One angle VPR didn’t deal with, and neither has anybody else. Hydro-Quebec gets criticized from folks on the left side of the political spectrum for those immense dams which have flooded thousands of acres of land, with damaging consequences for both the natural world and the Cree Indians who live in northern Quebec.
Another big corporation abusing the land and indigenous folks in the thirst for profit for the stockholders, no?
No. Hydro-Quebec doesn’t have stockholders. It’s owned by the Province and the people thereof. It is, in short, a socialist institution.
(star break)
More (mostly) good news: Some additional ammunition for the argument made in the post titled Not So Bad (June 4) that life in Vermont is…not so bad.
Maybe even pretty good.
The latest issue of Kiplinger’s Personal Finance magazine named Burlington one of the “ten best cities for the next decade.” Praised for its “creativity and entrepreneurship” Burlington was tagged the eighth best city for both living and working over the next several years. Austin, Texas, was first.
In addition, recently released (or, perhaps more accurately, hitherto ignored) Census figures confirm that Vermont is one of the most affluent states, with a relatively low poverty rate, and one of the lowest rates of child poverty in the country.
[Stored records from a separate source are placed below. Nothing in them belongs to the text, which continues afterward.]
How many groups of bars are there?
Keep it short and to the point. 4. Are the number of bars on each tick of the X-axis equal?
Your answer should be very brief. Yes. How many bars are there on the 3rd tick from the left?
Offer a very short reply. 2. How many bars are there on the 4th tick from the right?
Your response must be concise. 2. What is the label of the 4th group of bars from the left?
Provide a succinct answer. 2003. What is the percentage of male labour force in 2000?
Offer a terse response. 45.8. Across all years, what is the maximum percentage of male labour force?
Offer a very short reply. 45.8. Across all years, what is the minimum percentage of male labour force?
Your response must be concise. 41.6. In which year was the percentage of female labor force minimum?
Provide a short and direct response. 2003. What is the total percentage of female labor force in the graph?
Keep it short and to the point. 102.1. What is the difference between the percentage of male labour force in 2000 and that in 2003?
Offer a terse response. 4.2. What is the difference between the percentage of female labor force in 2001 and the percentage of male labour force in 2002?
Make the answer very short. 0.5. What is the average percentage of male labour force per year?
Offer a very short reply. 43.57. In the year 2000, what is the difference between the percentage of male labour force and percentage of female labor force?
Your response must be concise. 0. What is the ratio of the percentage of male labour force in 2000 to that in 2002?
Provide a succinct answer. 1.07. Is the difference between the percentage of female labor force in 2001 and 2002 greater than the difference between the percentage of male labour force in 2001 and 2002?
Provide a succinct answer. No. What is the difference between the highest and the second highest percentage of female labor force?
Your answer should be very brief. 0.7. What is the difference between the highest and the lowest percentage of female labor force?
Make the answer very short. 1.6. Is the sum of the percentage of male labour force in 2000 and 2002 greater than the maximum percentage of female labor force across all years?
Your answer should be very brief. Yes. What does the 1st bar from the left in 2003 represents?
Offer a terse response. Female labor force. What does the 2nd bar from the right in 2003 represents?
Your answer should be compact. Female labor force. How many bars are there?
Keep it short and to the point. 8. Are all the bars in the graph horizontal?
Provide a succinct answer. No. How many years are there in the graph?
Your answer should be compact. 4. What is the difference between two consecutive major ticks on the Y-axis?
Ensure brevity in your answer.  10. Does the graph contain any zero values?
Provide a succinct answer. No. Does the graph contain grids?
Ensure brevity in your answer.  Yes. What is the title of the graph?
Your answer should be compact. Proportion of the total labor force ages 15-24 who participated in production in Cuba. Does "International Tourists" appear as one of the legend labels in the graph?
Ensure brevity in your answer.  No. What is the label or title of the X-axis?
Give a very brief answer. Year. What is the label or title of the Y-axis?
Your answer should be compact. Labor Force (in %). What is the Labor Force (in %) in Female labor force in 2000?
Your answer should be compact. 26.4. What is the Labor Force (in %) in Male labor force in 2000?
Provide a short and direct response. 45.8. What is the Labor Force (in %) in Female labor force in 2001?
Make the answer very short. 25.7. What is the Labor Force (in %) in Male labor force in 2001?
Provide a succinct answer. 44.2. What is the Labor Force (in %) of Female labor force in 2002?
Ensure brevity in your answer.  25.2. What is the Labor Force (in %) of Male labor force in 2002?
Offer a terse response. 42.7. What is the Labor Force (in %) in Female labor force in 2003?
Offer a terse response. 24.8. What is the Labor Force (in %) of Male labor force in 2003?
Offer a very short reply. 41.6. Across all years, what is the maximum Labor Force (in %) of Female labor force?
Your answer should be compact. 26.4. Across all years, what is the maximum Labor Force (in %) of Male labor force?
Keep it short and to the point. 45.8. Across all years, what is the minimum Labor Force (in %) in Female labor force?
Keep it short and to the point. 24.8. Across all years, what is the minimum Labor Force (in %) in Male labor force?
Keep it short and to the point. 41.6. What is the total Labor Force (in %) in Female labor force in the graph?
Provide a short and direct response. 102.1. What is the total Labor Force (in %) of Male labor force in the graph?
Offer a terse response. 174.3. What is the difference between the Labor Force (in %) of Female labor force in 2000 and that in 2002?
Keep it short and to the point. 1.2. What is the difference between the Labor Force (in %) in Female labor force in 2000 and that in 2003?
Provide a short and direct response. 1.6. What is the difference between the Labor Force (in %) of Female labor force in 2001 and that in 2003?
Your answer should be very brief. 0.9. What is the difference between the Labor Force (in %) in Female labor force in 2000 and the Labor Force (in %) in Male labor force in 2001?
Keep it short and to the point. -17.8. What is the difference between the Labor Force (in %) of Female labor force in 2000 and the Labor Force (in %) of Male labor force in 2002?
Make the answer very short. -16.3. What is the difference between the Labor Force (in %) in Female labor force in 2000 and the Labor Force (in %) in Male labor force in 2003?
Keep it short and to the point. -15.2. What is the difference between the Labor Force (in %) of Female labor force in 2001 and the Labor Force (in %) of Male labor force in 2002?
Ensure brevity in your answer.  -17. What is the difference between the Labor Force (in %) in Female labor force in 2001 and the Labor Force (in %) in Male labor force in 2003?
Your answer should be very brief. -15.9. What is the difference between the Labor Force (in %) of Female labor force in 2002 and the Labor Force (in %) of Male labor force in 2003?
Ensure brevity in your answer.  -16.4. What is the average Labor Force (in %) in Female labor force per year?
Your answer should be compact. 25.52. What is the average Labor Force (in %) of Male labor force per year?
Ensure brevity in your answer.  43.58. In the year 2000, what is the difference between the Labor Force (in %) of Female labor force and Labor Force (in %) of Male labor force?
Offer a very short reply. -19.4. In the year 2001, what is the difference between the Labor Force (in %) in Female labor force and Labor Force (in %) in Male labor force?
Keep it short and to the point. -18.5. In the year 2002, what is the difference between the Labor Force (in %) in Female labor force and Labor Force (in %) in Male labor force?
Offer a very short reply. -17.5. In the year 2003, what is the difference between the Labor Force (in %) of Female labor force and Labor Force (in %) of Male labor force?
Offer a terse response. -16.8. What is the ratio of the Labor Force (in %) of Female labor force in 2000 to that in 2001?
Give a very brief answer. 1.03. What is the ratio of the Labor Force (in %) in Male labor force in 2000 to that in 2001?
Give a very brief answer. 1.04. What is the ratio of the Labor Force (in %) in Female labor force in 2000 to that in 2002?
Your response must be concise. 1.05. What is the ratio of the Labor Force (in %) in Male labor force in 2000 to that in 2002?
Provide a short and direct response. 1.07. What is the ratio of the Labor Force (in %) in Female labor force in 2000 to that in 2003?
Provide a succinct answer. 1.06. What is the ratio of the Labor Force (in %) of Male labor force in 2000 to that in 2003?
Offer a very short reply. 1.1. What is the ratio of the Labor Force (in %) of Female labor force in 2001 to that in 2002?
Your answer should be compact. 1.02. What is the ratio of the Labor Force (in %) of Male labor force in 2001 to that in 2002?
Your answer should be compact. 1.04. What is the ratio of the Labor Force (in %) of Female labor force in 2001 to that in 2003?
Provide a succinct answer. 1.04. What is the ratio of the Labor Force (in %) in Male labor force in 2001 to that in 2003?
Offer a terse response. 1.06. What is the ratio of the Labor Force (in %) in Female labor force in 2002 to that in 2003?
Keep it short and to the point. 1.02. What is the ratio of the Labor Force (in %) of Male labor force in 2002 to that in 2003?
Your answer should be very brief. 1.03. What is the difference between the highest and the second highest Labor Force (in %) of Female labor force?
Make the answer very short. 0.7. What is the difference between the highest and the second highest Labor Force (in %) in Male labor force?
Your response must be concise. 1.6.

The statistics are from 2008, the most recent available.
Only eight other states have child (under age 18) poverty rates in the same low category as Vermont: New Hampshire, Massachusetts, Connecticut, New Jersey, Maryland, Utah, and Wyoming.
For the total poverty rate, Vermont was in the second best category, ranked with 13 other states with rates between 10.2 and 13.1 percent (Vermont’s was 10.4). Seven states, including New Hampshire, Massachusetts, New Jersey and Maryland, had lower rates.
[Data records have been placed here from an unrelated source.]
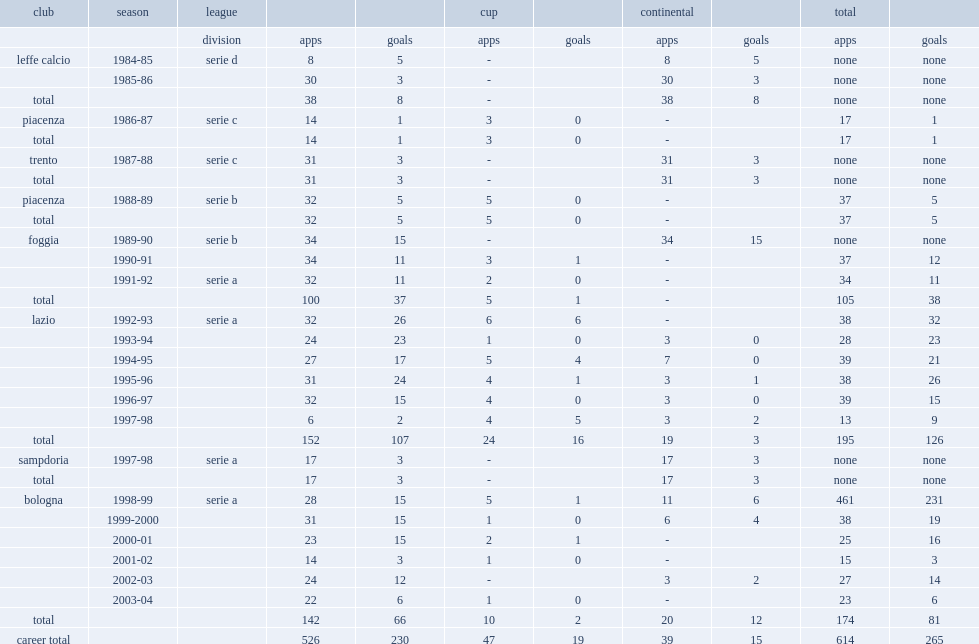Which club did signori play for in 1991-92? Foggia. 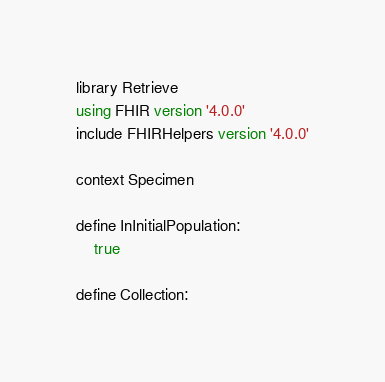<code> <loc_0><loc_0><loc_500><loc_500><_SQL_>library Retrieve
using FHIR version '4.0.0'
include FHIRHelpers version '4.0.0'

context Specimen

define InInitialPopulation:
    true

define Collection:</code> 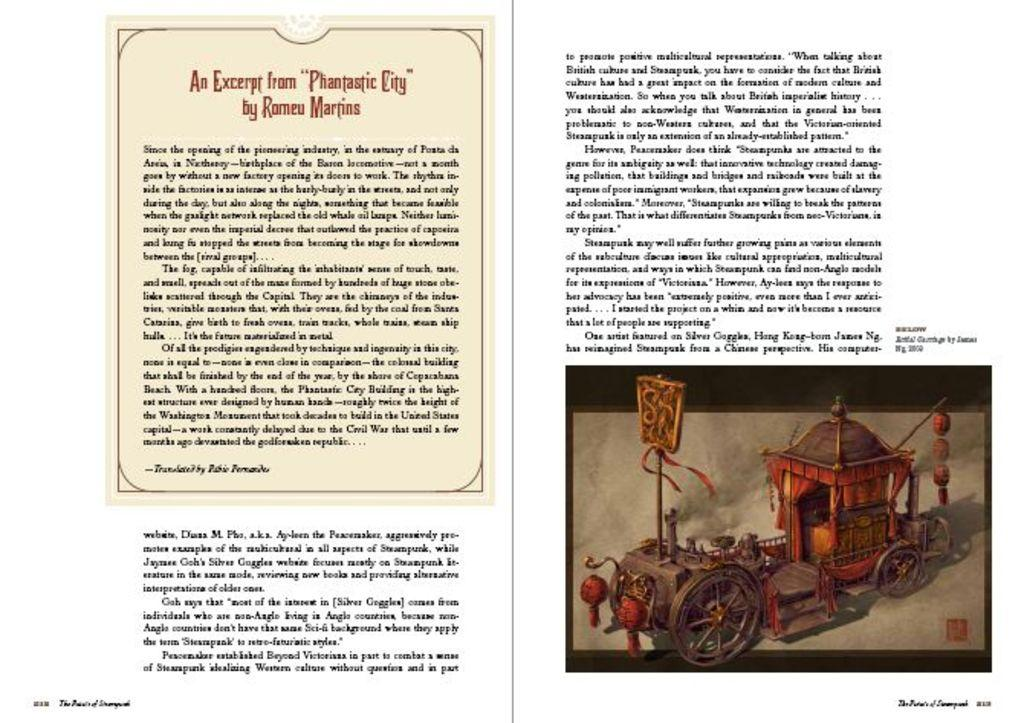What can be seen on the poster in the image? Unfortunately, we cannot determine the content of the poster from the given facts. What is located in the bottom right of the image? There is a chariot in the bottom right of the image. What is on the left side of the image? There is an article on the left side of the image. What type of oatmeal is being served on the shirt in the image? There is no shirt or oatmeal present in the image; the facts only mention a poster and a chariot.

As is true almost everywhere, Vermont’s under-18 poverty rate (12.8 percent) is slightly higher than its overall rate. But not everywhere. Chittenden County’s total poverty rate was 9.6 percent, but the child poverty rate was 9.2 percent.
But that was unusual. In the other 13 counties, the under-18 rate was either slightly or not so slightly higher. Even Addison County, which had the lowest total poverty rate (9.5 percent had a slightly higher rate (10.6 percent, for those under 18.
Both the highest rates and the biggest differences between total and child poverty were in the Northeast Kingdom. Caledonia County had an 11.8 percent total poverty rate, with 17.1 percent of its under-18s in poverty. In Orleans County, the overall rate was 14.3 percent, with a 19.3 percent poverty ate for those under 18.
And in Essex County, the poorest in the state, 14.8 percent of all persons lived below the poverty line, but the under-18 rate was 23.8 percent.
That puts Essex at a level comparable with some of the rural counties of the Southeast and Southwest, the poorest areas of the country.
None of this is a big surprise. But it deserves more attention than it has been getting from either officials or observers. That latter, that’s us. More attention will be paid, starting with maybe a few questions to these candidates at Thursday’s debate.